Шея, разворот плеч, ровная спина, украшенная аккуратно вылепленными мышцами. Сильные печи и неестественно изящные пальцы, подходящие скорее пианисту, нежели обычному мажору. И голос. Не тот, каким он хрипел свои лишенные смысловой нагрузки песни. А это чарующий, чуть покрытый легким песком хрипотцы глубокий баритон…
Он был слишком красив! Я бы даже сказала, нечеловечески. Если бы не эти татуировки, словно призванные для того, чтобы бесталанно скрывать часть его сияющей ауры…
— Нет, — словно через силу качнув головой, медленно протянула я.
— Что «нет»? — чуть больше напрягся собеседник.
— Все «нет». Потому что ты мне врешь. А строить взаимовыгодное сотрудничество на лжи заведомо неправильно.
— Я?! Лгу? — возмущение, которым дыхнул певец, едва ли не вылетело из него ядовитым паром.

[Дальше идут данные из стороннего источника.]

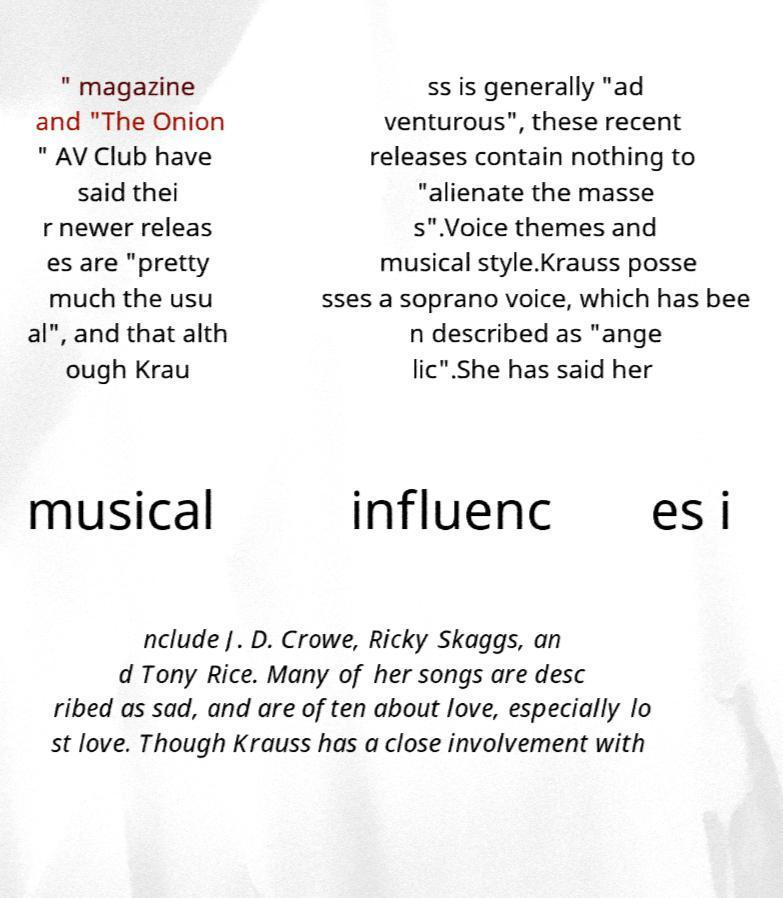Please read and relay the text visible in this image. What does it say? " magazine and "The Onion " AV Club have said thei r newer releas es are "pretty much the usu al", and that alth ough Krau ss is generally "ad venturous", these recent releases contain nothing to "alienate the masse s".Voice themes and musical style.Krauss posse sses a soprano voice, which has bee n described as "ange lic".She has said her musical influenc es i nclude J. D. Crowe, Ricky Skaggs, an d Tony Rice. Many of her songs are desc ribed as sad, and are often about love, especially lo st love. Though Krauss has a close involvement with 
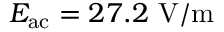<formula> <loc_0><loc_0><loc_500><loc_500>E _ { a c } = 2 7 . 2 V / m</formula> 
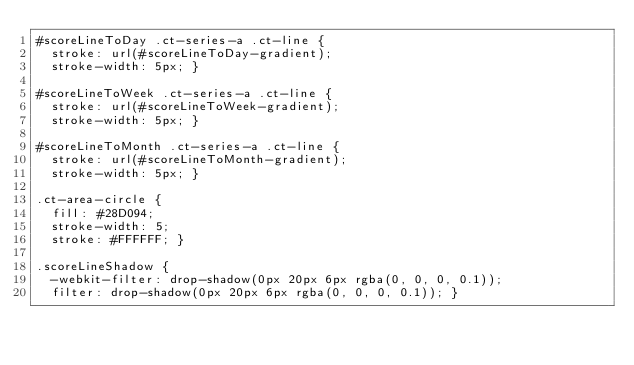Convert code to text. <code><loc_0><loc_0><loc_500><loc_500><_CSS_>#scoreLineToDay .ct-series-a .ct-line {
  stroke: url(#scoreLineToDay-gradient);
  stroke-width: 5px; }

#scoreLineToWeek .ct-series-a .ct-line {
  stroke: url(#scoreLineToWeek-gradient);
  stroke-width: 5px; }

#scoreLineToMonth .ct-series-a .ct-line {
  stroke: url(#scoreLineToMonth-gradient);
  stroke-width: 5px; }

.ct-area-circle {
  fill: #28D094;
  stroke-width: 5;
  stroke: #FFFFFF; }

.scoreLineShadow {
  -webkit-filter: drop-shadow(0px 20px 6px rgba(0, 0, 0, 0.1));
  filter: drop-shadow(0px 20px 6px rgba(0, 0, 0, 0.1)); }
</code> 
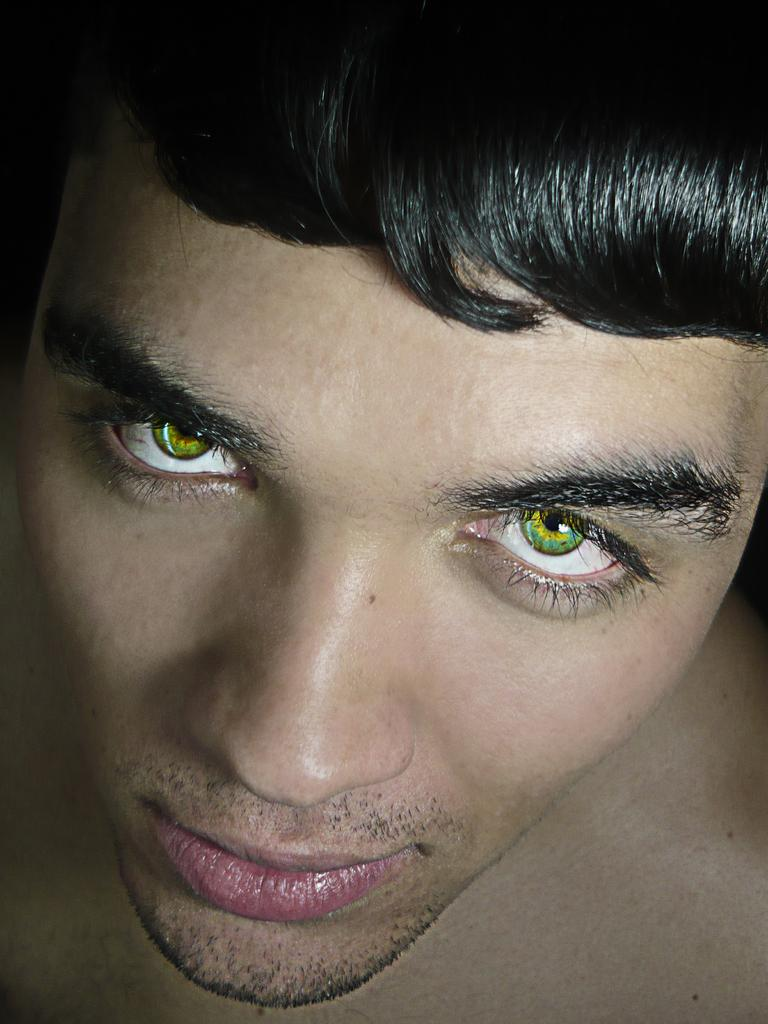What is the main subject of the image? There is a man in the image. Can you describe the man's appearance or clothing? Unfortunately, the provided facts do not include any information about the man's appearance or clothing. Is the man engaged in any activity or interacting with any objects in the image? The provided facts do not mention any activity or interaction with objects. What type of square is located downtown in the image? There is no square or downtown location mentioned in the image; the only fact provided is that there is a man in the image. 
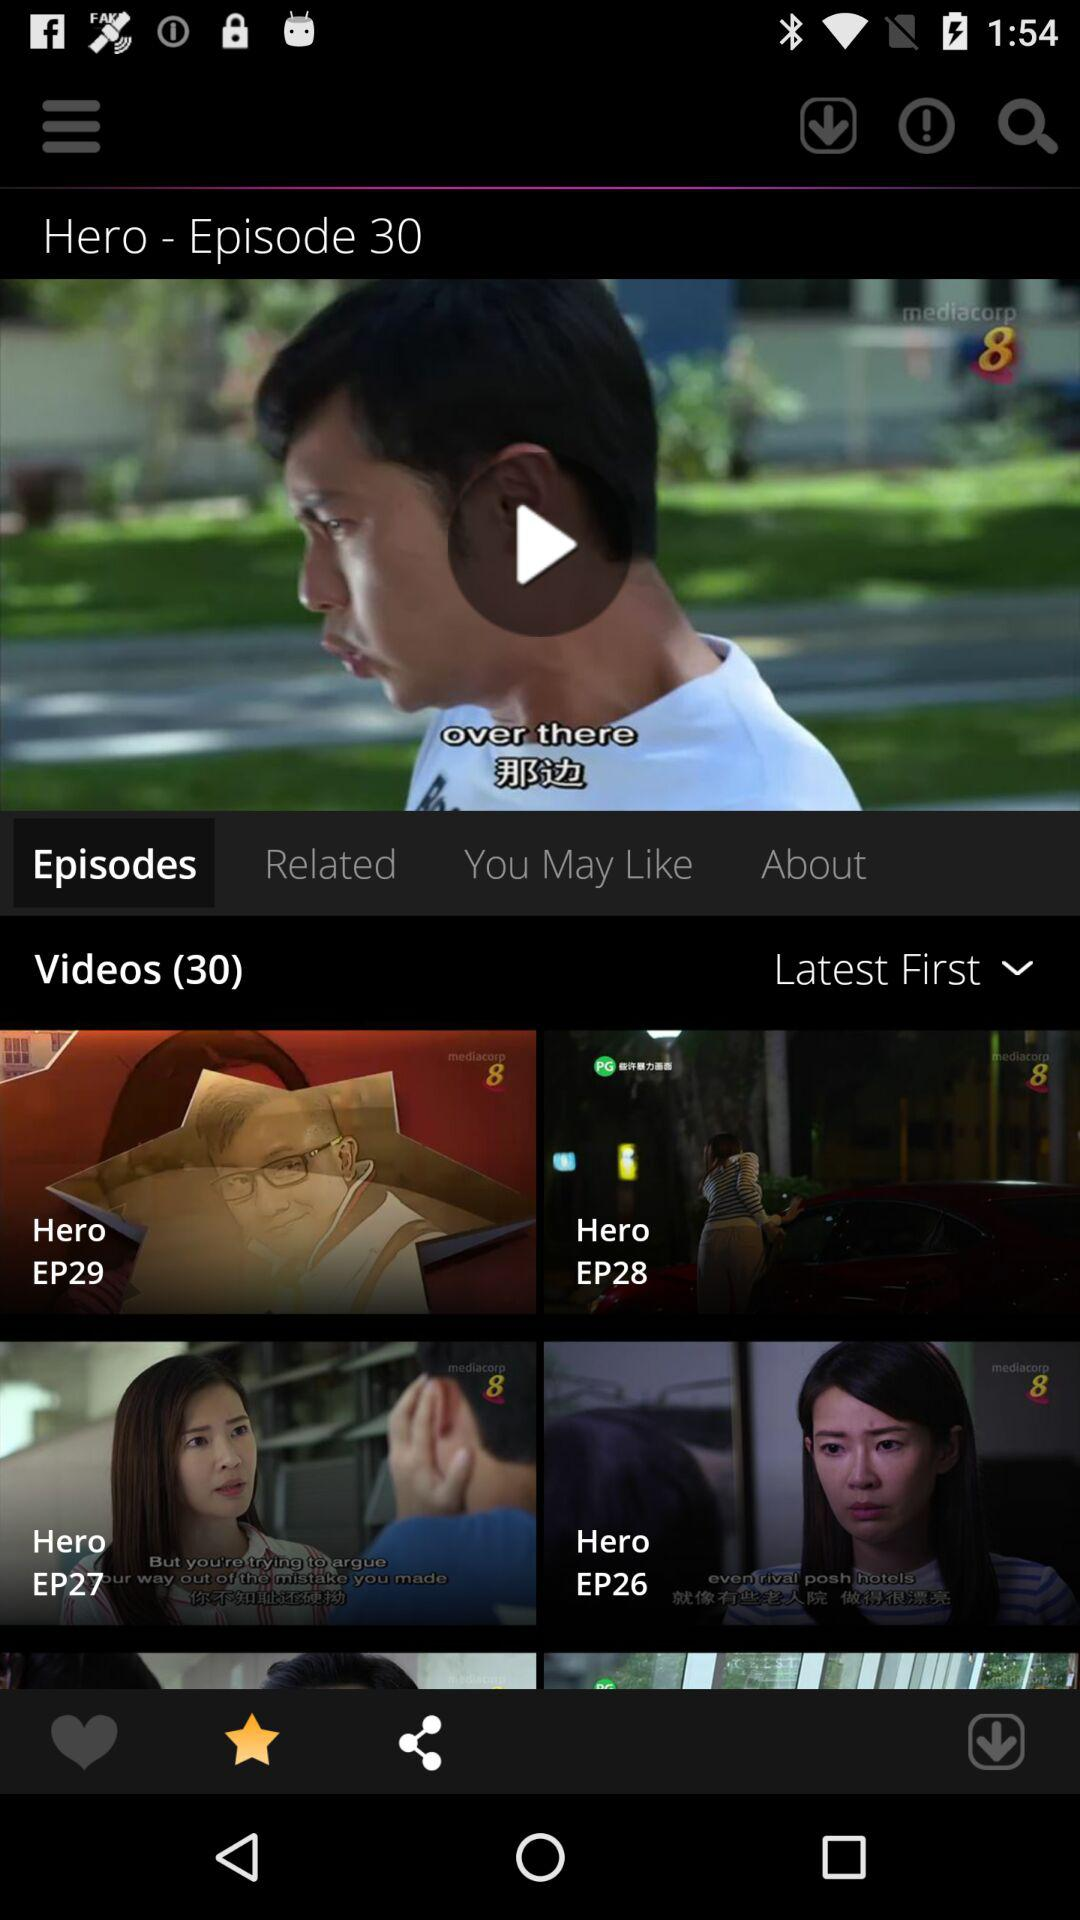How many seasons of "Hero" are there?
When the provided information is insufficient, respond with <no answer>. <no answer> 
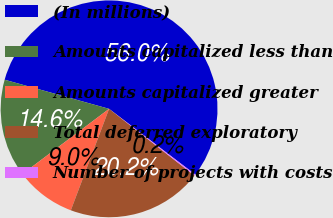Convert chart to OTSL. <chart><loc_0><loc_0><loc_500><loc_500><pie_chart><fcel>(In millions)<fcel>Amounts capitalized less than<fcel>Amounts capitalized greater<fcel>Total deferred exploratory<fcel>Number of projects with costs<nl><fcel>56.04%<fcel>14.59%<fcel>9.0%<fcel>20.17%<fcel>0.2%<nl></chart> 
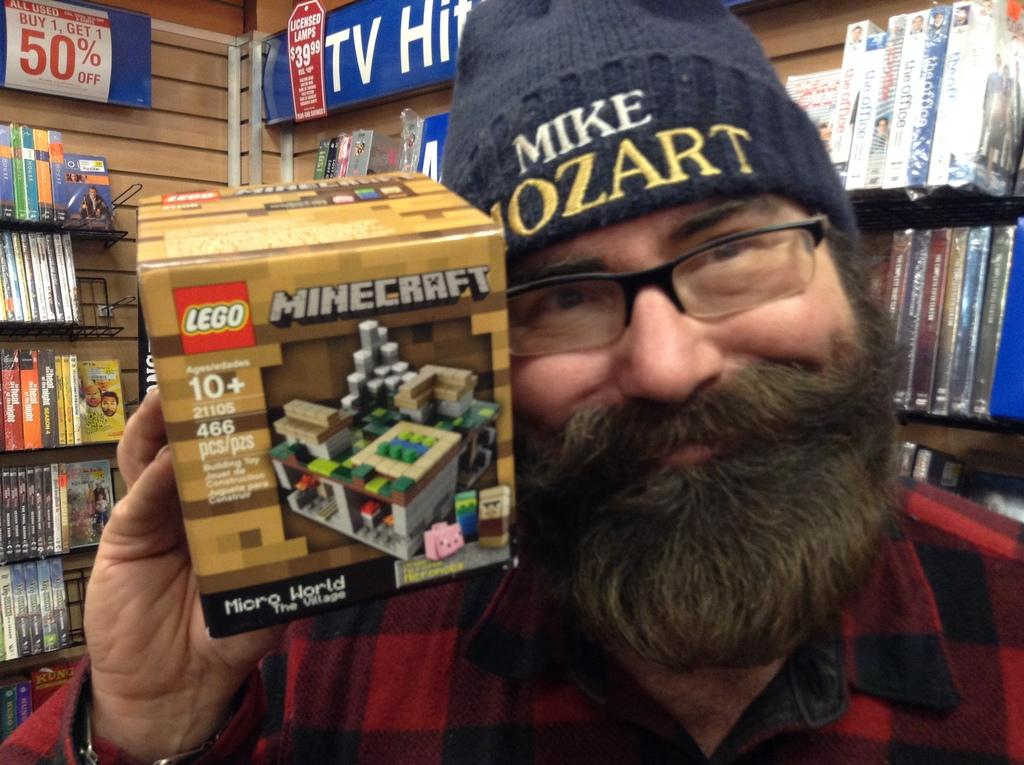Who is present in the image? There is a man in the image. What is the man doing in the image? The man is smiling in the image. What is the man wearing on his upper body? The man is wearing a red color shirt in the image. What accessory is the man wearing on his face? The man is wearing spectacles in the image. What headgear is the man wearing? The man is wearing a cap in the image. What object is the man holding in his hand? The man is holding a box in his hand in the image. What can be seen behind the man? There are books and a poster behind the man in the image. Can you see any mountains in the image? There are no mountains present in the image. What type of seed is the man planting in the image? There is no seed or planting activity depicted in the image. 
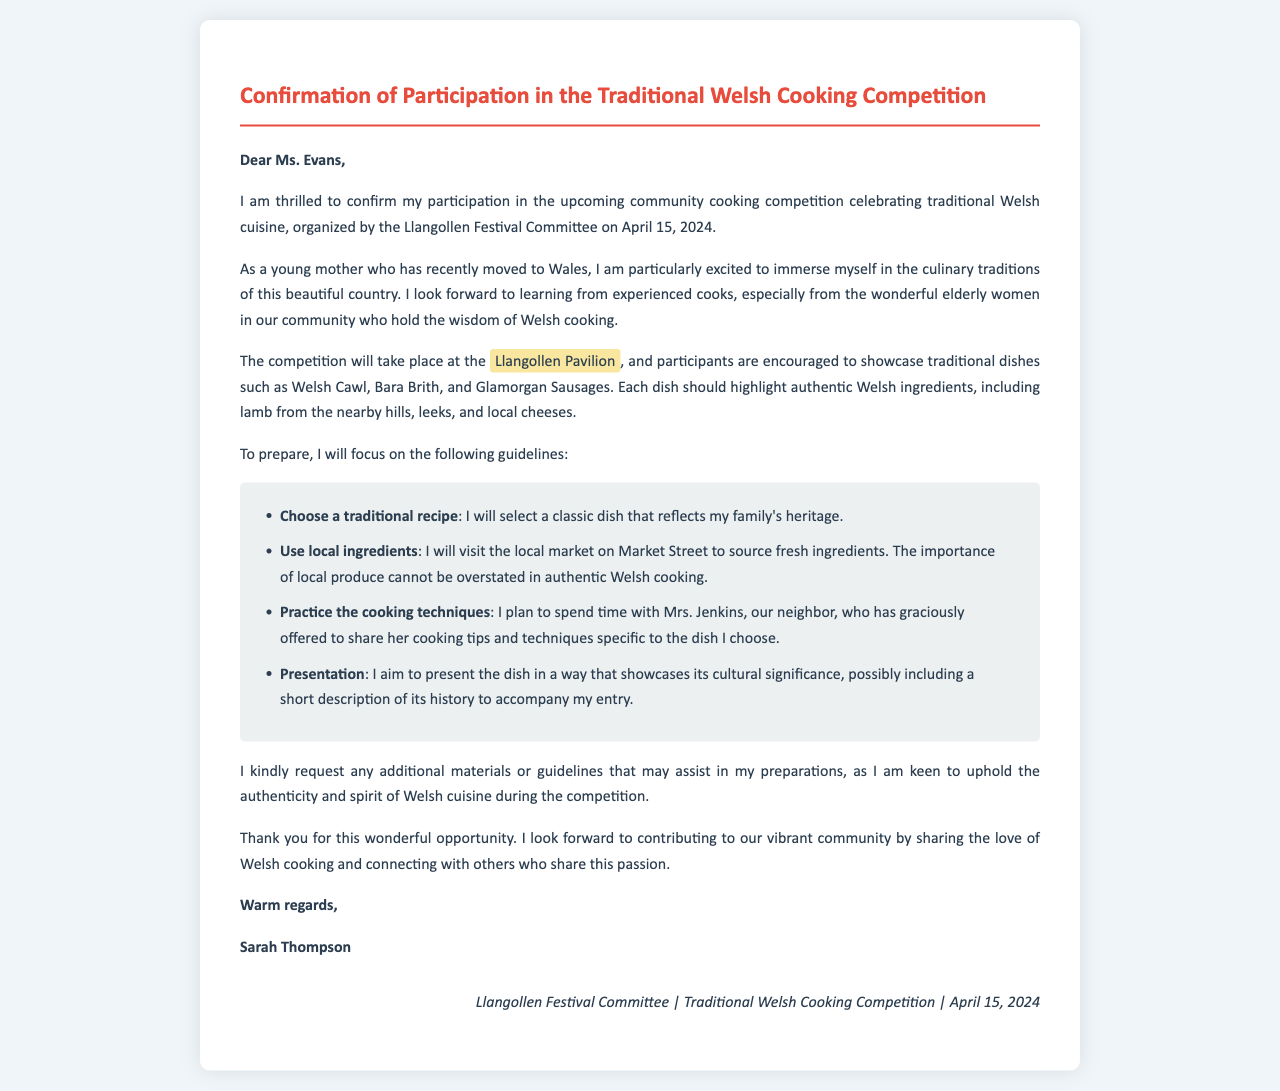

— Конечно, — чуть пожала плечами я- Хотя, чему тут удивляться? Ведь ты весь- одна сплошная неправда. Все это порченное пегментом тело. Искуственно изуродованная стрижка. Попытка разбавить каплей дегтя слишком сладкую цестерну меда. Врать- твое второе имя?
— Это ты говоришь мне про ложь?! Подстилка Отца Лжи?! Продавшаяся рогатому уроду?
— Вот и попался, — довольно мурлыкнула я- Значит видел…
— Я… да все его видели!
— Кого? — я наивно хлопнула ресничками.
— Да он сидел с тобой и…
— Опустим откровенно хамский заход относительно моей возможной низкой социальной отвественности. Я, знаешь ли, не из продажных. Но со мной сидел импозантный, сексуальный мужчина, на которого истекла слюной добрая половина этого клуба, — холодно перебила я- И никто, кроме тебя не наградил его нелестными титулами. Уродом его уж точно никто бы не назвал. Что это? Мужская зависть? Но тогда почему именно «рогатому»? Мистикой тянет, не находишь?
— Да брось! После того, как он просто растаял…
— И снова «о-па!». Ведь все остальные даже не обратили внимание на то, как и когда этот самый мужчина покинул помещение. Смертные в принципе такие вещи не замечают. На то и работает стандартный «отвод глаз». Однако, ты, почему-то, увидел больше, чем следует. Итак, Егор?
На серьезном лице слегка сошлись густые брови, выдавая работу мысли.